Project documents onto the concept vectors.

Parameters:

Name	Type	Description	Default
`raw_documents`		List of documents to project to the concept vectors.	`None`
`embeddings`		Document embeddings (has to be created with the same encoder as the concept vectors.)	`None`

Returns:

Name	Type	Description
`document_concept_matrix`	`ndarray of shape (n_documents, n_dimensions)`	Prevalance of each concept in each document.
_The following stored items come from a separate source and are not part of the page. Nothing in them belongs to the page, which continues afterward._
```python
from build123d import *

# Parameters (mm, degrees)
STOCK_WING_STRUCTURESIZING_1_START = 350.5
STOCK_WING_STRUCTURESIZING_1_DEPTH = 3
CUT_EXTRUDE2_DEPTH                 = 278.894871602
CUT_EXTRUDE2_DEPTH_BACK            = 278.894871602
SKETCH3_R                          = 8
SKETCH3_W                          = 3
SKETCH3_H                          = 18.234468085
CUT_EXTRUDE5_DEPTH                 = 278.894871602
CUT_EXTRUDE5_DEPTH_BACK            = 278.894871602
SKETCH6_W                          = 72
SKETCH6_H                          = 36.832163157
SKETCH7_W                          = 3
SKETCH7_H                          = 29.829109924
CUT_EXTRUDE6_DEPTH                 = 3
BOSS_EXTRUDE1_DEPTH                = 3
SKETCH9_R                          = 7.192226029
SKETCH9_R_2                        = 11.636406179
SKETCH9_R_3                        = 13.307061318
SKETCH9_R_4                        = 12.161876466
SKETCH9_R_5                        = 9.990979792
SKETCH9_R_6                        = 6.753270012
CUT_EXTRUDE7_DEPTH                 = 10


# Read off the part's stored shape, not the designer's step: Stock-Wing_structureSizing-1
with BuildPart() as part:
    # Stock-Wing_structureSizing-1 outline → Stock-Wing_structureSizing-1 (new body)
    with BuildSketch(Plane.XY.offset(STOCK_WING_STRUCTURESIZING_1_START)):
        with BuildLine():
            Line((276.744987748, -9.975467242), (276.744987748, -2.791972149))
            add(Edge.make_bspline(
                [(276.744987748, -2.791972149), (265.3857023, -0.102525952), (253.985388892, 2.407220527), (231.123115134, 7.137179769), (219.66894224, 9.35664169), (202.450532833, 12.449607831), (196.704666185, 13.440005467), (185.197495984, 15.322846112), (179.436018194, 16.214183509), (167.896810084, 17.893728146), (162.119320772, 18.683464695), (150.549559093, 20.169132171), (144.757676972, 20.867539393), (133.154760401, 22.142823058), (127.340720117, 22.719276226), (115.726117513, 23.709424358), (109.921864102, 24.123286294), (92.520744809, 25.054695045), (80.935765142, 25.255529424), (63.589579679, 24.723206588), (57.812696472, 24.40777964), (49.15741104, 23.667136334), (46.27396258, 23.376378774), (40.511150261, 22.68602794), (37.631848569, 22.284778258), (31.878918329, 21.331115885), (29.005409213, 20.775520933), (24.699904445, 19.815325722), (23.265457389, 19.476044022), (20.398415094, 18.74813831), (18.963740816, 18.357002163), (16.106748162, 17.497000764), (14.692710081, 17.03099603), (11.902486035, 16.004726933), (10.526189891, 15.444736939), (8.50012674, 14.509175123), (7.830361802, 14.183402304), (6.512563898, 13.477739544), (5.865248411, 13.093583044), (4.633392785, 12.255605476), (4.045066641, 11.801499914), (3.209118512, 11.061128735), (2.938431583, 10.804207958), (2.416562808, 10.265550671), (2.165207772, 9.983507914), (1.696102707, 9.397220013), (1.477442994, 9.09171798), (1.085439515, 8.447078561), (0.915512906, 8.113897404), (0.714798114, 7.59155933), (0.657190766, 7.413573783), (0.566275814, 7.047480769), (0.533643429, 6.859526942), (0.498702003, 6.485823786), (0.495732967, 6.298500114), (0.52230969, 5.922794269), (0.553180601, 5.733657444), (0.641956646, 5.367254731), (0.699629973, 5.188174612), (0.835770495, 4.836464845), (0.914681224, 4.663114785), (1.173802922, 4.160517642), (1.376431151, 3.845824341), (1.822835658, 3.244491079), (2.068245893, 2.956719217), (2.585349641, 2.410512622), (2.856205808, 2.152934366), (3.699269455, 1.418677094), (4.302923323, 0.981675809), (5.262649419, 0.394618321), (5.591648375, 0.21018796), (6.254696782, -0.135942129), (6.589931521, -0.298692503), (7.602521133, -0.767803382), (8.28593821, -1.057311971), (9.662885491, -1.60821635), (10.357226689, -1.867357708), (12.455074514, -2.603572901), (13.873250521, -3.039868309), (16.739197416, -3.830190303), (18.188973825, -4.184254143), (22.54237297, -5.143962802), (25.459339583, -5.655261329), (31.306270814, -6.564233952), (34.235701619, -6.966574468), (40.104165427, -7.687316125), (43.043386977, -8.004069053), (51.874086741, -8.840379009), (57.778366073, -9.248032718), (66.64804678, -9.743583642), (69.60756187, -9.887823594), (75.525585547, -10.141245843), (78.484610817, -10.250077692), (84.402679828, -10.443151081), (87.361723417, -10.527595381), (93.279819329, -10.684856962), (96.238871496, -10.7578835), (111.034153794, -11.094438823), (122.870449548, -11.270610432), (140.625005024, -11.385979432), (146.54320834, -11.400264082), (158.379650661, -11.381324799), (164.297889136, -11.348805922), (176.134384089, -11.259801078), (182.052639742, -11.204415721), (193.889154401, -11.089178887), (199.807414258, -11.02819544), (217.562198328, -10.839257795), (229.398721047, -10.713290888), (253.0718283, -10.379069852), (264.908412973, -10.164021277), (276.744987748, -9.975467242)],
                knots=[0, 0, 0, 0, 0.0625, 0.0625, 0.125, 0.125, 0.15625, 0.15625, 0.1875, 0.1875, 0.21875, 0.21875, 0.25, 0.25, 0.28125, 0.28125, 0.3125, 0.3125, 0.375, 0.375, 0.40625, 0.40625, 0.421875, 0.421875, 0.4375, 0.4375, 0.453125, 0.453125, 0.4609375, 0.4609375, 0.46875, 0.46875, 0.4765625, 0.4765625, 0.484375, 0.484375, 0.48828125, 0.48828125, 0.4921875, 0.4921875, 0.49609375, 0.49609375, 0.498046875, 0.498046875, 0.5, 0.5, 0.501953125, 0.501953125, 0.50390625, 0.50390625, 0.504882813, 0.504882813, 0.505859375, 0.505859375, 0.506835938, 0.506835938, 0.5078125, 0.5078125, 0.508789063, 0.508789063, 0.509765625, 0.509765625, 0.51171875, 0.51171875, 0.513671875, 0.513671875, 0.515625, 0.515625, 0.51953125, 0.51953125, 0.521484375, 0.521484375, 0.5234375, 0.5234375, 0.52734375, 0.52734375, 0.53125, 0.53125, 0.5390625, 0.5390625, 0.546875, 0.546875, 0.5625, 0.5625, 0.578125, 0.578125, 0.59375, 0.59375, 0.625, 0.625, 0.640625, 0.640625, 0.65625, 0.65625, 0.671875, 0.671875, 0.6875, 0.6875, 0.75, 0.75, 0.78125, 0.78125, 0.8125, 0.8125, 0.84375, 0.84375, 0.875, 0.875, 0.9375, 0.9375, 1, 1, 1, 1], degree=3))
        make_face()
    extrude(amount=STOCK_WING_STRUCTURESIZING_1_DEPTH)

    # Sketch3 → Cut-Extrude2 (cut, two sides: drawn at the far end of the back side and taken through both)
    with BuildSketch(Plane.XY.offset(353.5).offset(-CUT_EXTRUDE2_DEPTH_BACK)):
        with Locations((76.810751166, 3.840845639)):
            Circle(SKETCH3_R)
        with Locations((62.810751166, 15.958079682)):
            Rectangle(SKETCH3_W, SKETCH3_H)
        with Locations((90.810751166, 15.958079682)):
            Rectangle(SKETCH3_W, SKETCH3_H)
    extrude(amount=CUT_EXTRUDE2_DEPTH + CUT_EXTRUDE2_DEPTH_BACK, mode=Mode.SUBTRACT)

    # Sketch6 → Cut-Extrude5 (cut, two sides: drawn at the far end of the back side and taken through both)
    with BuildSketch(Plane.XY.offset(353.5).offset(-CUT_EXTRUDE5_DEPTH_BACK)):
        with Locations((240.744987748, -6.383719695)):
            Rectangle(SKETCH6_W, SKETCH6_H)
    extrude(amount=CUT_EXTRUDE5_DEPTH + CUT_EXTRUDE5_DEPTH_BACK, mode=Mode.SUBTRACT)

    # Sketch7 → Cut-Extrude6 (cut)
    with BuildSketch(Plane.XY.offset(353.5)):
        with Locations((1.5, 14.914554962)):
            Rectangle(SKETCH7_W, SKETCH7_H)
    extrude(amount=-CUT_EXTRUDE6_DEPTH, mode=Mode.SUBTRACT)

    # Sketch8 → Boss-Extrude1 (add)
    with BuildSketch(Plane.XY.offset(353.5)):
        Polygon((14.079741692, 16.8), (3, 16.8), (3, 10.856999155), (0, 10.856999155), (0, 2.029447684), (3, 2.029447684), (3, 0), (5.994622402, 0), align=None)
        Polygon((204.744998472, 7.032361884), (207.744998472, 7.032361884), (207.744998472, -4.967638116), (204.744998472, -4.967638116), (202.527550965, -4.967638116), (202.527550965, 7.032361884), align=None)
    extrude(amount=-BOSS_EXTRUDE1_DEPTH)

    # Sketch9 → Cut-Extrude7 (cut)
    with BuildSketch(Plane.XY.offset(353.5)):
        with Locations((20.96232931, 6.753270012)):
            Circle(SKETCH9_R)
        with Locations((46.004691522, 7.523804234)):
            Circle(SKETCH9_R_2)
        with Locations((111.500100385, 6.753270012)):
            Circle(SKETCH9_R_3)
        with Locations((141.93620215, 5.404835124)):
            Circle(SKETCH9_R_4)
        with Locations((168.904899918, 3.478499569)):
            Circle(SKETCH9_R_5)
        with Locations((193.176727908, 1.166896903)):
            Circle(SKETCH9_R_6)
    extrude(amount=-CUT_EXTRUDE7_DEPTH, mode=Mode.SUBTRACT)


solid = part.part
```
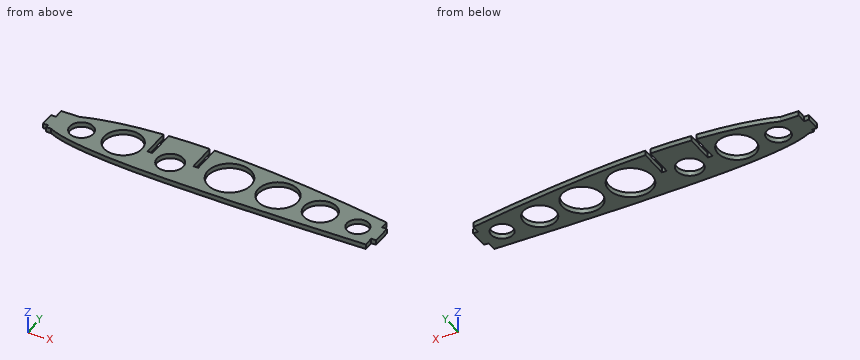
Can you work these out from the model? Positions are in its coordinate system, mm. Round coordinates to 2 decimals unless told otherwise and drop trailing zeros. Answer as a JSON object with one key per item and string values. Group by question number.
Q1. Imagine slicing it at A-A, the plane z = 352.8. Count the separate pieces of the cut face and the enclosed holes in it, then the cut area to 3 significant figures.
Q2. Please list where these lines run through material, in increasing order: L1, parallel to Y at x = 187, z = 352.65; L2, parallel to Y at x = 192.5, z = 352.9; L3, parallel to Y at x = 89, z = 351.6.
Q3. Will these pins go through, and if not, where does the flat tip stop? pin 1 (1.5 mm diameter, centred on x = 30.5, z = 351.5, fed in from -Y); pin 2 (1.6 mm diameter, centred on y = 1, z = 352.5, fed in from -X); pin 3 (0.9 mm diameter, centred on x = 2, z = 351.5, fed in from +Y).
Findings:
{
 "1": {"separate pieces": "1", "enclosed holes": "7", "area": "3,820 mm2"},
 "2": {"L1": "y = -11.16 to -1.56, 3.9 to 15.02", "L2": "y = -11.1 to -5.55, 7.89 to 14.13", "L3": "y = -10.57 to 24.99"},
 "3": {"pin 1": "stops at y = -6.54", "pin 2": "stops at x = 3", "pin 3": "stops at y = 10.86"}
}

Source code in turftopic/models/cvp.py

def fit_transform(self, raw_documents=None, y=None, embeddings=None):
    """Project documents onto the concept vectors.

    Parameters
    ----------
    raw_documents: list[str] or None
        List of documents to project to the concept vectors.
    embeddings: ndarray of shape (n_documents, n_dimensions)
        Document embeddings (has to be created with the same encoder as the concept vectors.)

    Returns
    -------
    document_concept_matrix: ndarray of shape (n_documents, n_dimensions)
        Prevalance of each concept in each document.
    """
    if (raw_documents is None) and (embeddings is None):
        raise ValueError(
            "Either embeddings or raw_documents has to be passed, both are None."
        )
    if embeddings is None:
        embeddings = self.encoder_.encode(raw_documents)
    return embeddings @ self.concept_matrix_.T

`get_feature_names_out()`

Returns concept names in an array.

Source code in turftopic/models/cvp.py

def get_feature_names_out(self):
    """Returns concept names in an array."""
    return self.classes_

`push_to_hub(repo_id)`

Uploads model to HuggingFace Hub

Parameters:

Name	Type	Description	Default
`repo_id`	`str`	Repository to upload the model to.	required

Source code in turftopic/models/cvp.py

def push_to_hub(self, repo_id: str):
    """Uploads model to HuggingFace Hub

    Parameters
    ----------
    repo_id: str
        Repository to upload the model to.
    """
    api = HfApi()
    api.create_repo(repo_id, exist_ok=True)
    with tempfile.TemporaryDirectory() as tmp_dir:
        readme_path = Path(tmp_dir).joinpath("README.md")
        with readme_path.open("w") as readme_file:
            readme_file.write(create_readme(self, repo_id))
        self.to_disk(tmp_dir)
        api.upload_folder(
            folder_path=tmp_dir,
            repo_id=repo_id,
            repo_type="model",
        )

`to_disk(out_dir)`

Persists model to directory on your machine.

Parameters:

Name	Type	Description	Default
`out_dir`	`Union[Path, str]`	Directory to save the model to.	required

Source code in turftopic/models/cvp.py

def to_disk(self, out_dir: Union[Path, str]):
    """Persists model to directory on your machine.

    Parameters
    ----------
    out_dir: Path | str
        Directory to save the model to.
    """
    out_dir = Path(out_dir)
    out_dir.mkdir(exist_ok=True)
    package_versions = get_package_versions()
    with out_dir.joinpath("package_versions.json").open("w") as ver_file:
        ver_file.write(json.dumps(package_versions))
    joblib.dump(self, out_dir.joinpath("model.joblib"))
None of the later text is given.